Wednesday, September 26, 2018

Losing Your Identity

Who are you?

That is a question many people who search for truth grapple with.  Most will answer with their name, a description of their job/career, role in a family, activities they excel at, etc.  But that's not really the answer, is it?

I spent a good portion of my life striving to be someone.  I took all the steps to become educated.  At an early age, I became a Mom.  I dedicated my years to being a great Mom and successfully fought the stereotype of a young, single mom.  My career grew and I became a leader in my organization.  I was healthy and fit. 

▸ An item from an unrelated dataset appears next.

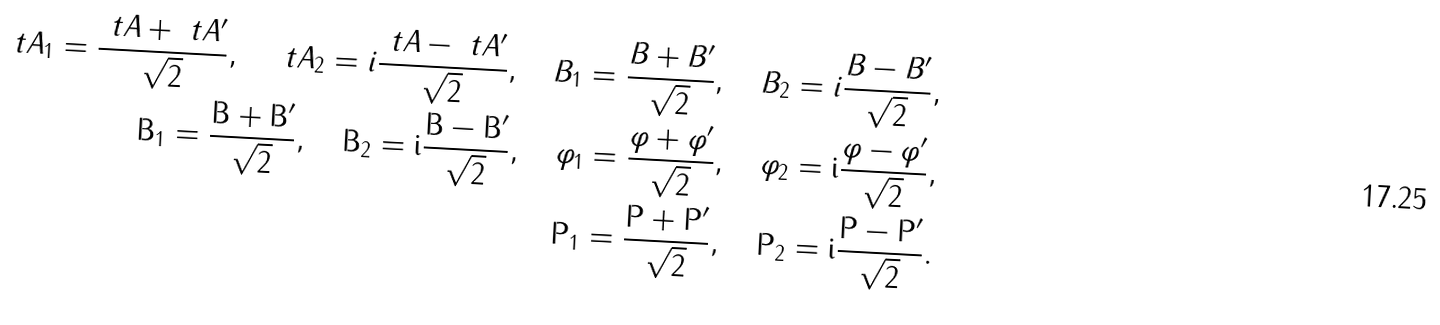<formula> <loc_0><loc_0><loc_500><loc_500>\ t A _ { 1 } = \frac { \ t A + \ t A ^ { \prime } } { \sqrt { 2 } } , \quad \ t A _ { 2 } = i \frac { \ t A - \ t A ^ { \prime } } { \sqrt { 2 } } , \quad B _ { 1 } = \frac { B + B ^ { \prime } } { \sqrt { 2 } } , \quad B _ { 2 } = i \frac { B - B ^ { \prime } } { \sqrt { 2 } } , \\ \tt B _ { 1 } = \frac { \tt B + \tt B ^ { \prime } } { \sqrt { 2 } } , \quad \tt B _ { 2 } = i \frac { \tt B - \tt B ^ { \prime } } { \sqrt { 2 } } , \quad \varphi _ { 1 } = \frac { \varphi + \varphi ^ { \prime } } { \sqrt { 2 } } , \quad \varphi _ { 2 } = i \frac { \varphi - \varphi ^ { \prime } } { \sqrt { 2 } } , \\ \tt P _ { 1 } = \frac { \tt P + \tt P ^ { \prime } } { \sqrt { 2 } } , \quad \tt P _ { 2 } = i \frac { \tt P - \tt P ^ { \prime } } { \sqrt { 2 } } .</formula> 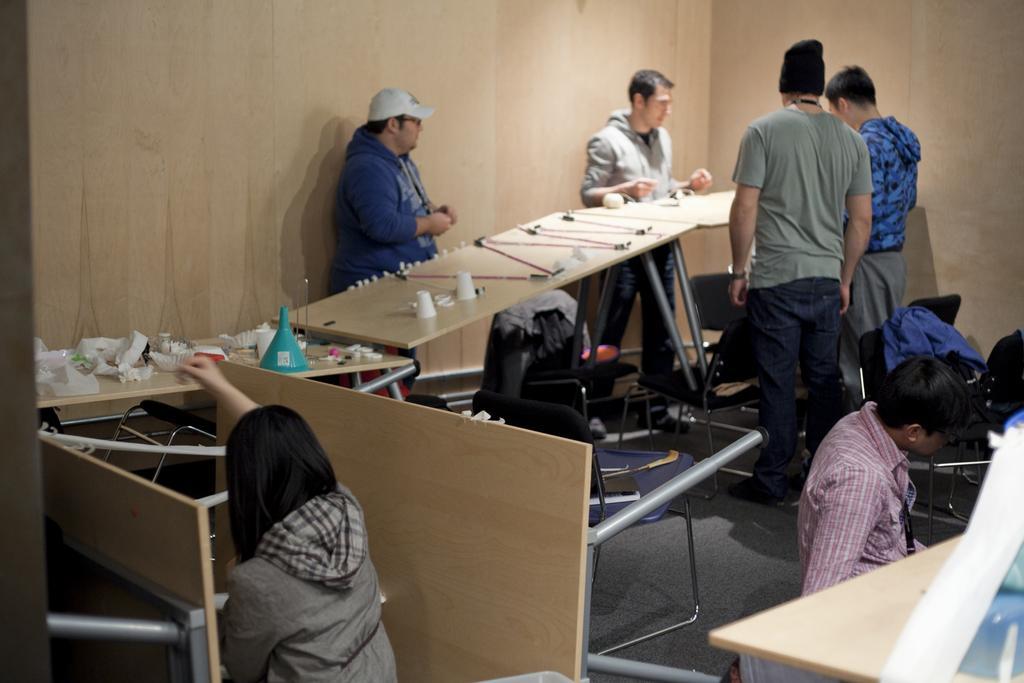How would you summarize this image in a sentence or two? The picture is taken in a closed room and at the right corner three people are standing and in front of them there is a table with some instruments placed on it and there are chairs, bags are placed on the floor and in the middle one man is wearing a blue dress and cap and behind them there is a wall and in the left corner one woman is sitting in front of the table and in the right corner another man is sitting on the chair in pink shirt, beside him there are chairs.

I identified with all of these things.  You have probably heard me say it before, I was a fiercely independent, career driven, healthy, single mom.  And I was successful at it.  I put my energy into it.  I was proud of my success.  I attached to it.  (Yes, I probably still attach to it:)

Then it was taken away.

When I say it was taken away, I simply mean, it changed.  I married.  I had another child.  I left my job and eventually had a complete career change, and struggled through it, even though I loved what  I did.  Chronic pain and burn-out lead to depression and lack of activity.

So I was no longer the person I thought I was.  I was now an unemployed, unhealthy, married mom of two.

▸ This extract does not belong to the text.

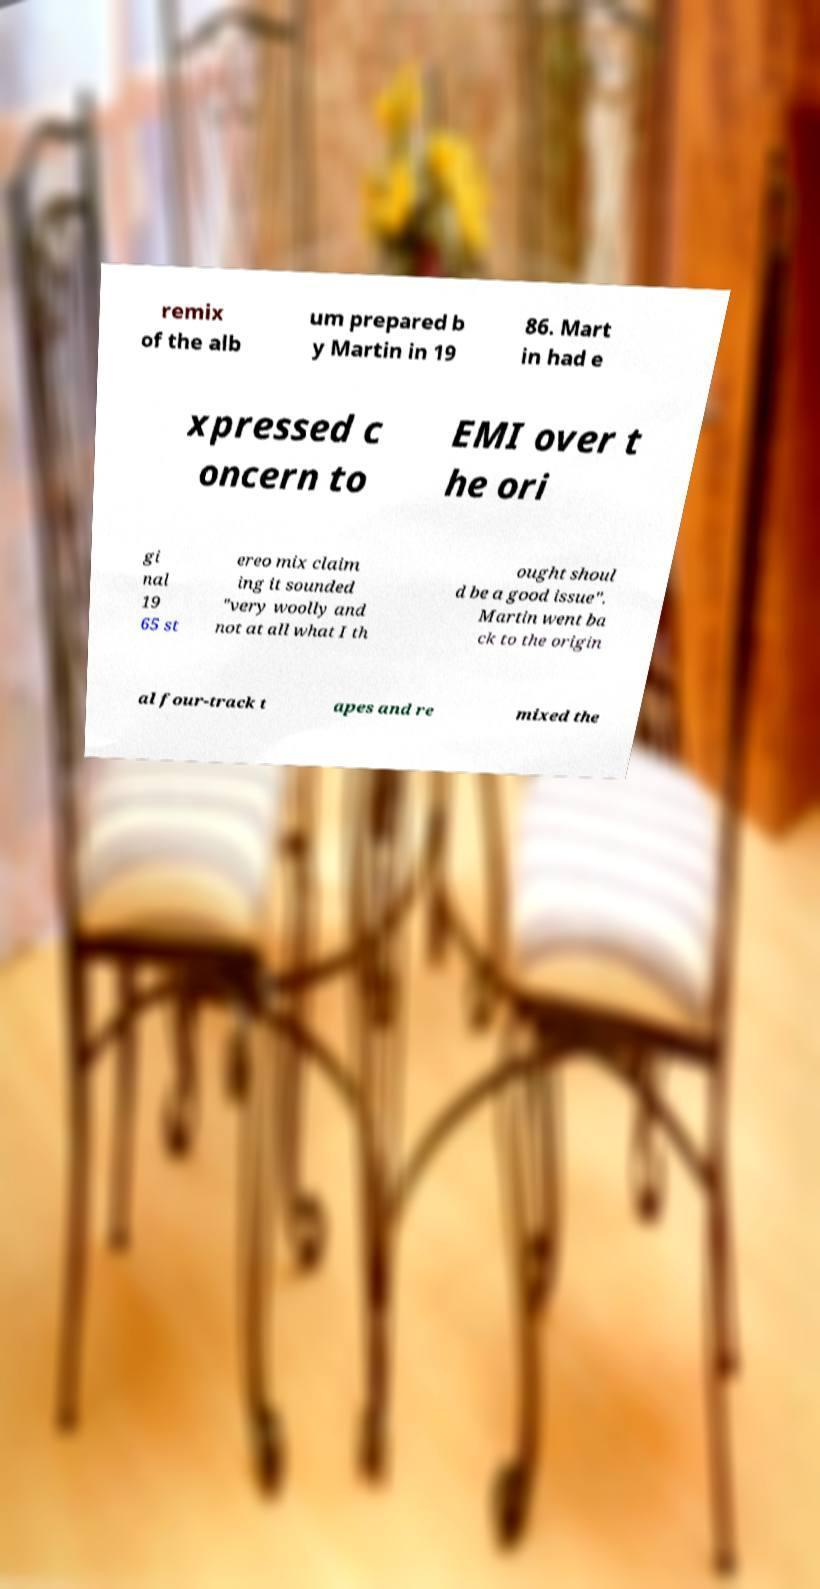Could you extract and type out the text from this image? remix of the alb um prepared b y Martin in 19 86. Mart in had e xpressed c oncern to EMI over t he ori gi nal 19 65 st ereo mix claim ing it sounded "very woolly and not at all what I th ought shoul d be a good issue". Martin went ba ck to the origin al four-track t apes and re mixed the

I lost my identity.  I kind of crumbled, even though many of the changes were wonderful.  I had no idea who I was.  My role changed.  I had no idea where or how I fit in.  I was having an identity crisis.

I was also an entrepreneur.  And a yogi.  I began attaching again to those descriptors, which gave me a sense of belonging.  For a while, they fit, and I became proud of them.  But something was not working.  You see, I was still attaching to an idea.  I still AM attaching to an idea that I must BE something in order to have value.

My identity brings me value.  And we all need to feel valued.  My identity gives me a place to belong.  And we all need to feel like we belong.

So, I'm still grappling with who I am.  I have had glimpses of different levels of consciousness that bring tremendous joy and peace.  That is who I am, truly.  But I have manifested into me on this physical plane.  So who is me?  And why am I here?

I'm on this journey now.  I'm detaching (it is taking me a long time!) from my past identity... and releasing who that person was.  She had a purpose, and I'm learning gratitude for that.  I'm forming a new identity, and I'm working on being more flexible with it.  That Tina will also serve a purpose.  I'm uncertain what it is right now.  But, as opposed to feeling I had zero value when I was in a dark place of depression, I know that just by being here in this body with this spirit, I bring value.  Sometimes I just don't know what it is.  And that is OK.

We are all evolving all the time.  But when we attach to an identity, we can get stuck, and it can hinder our growth.  So, I think I'll look at this identity crisis as an identity evolution instead.  There is value in that.  Because now, more than ever, I feel alive.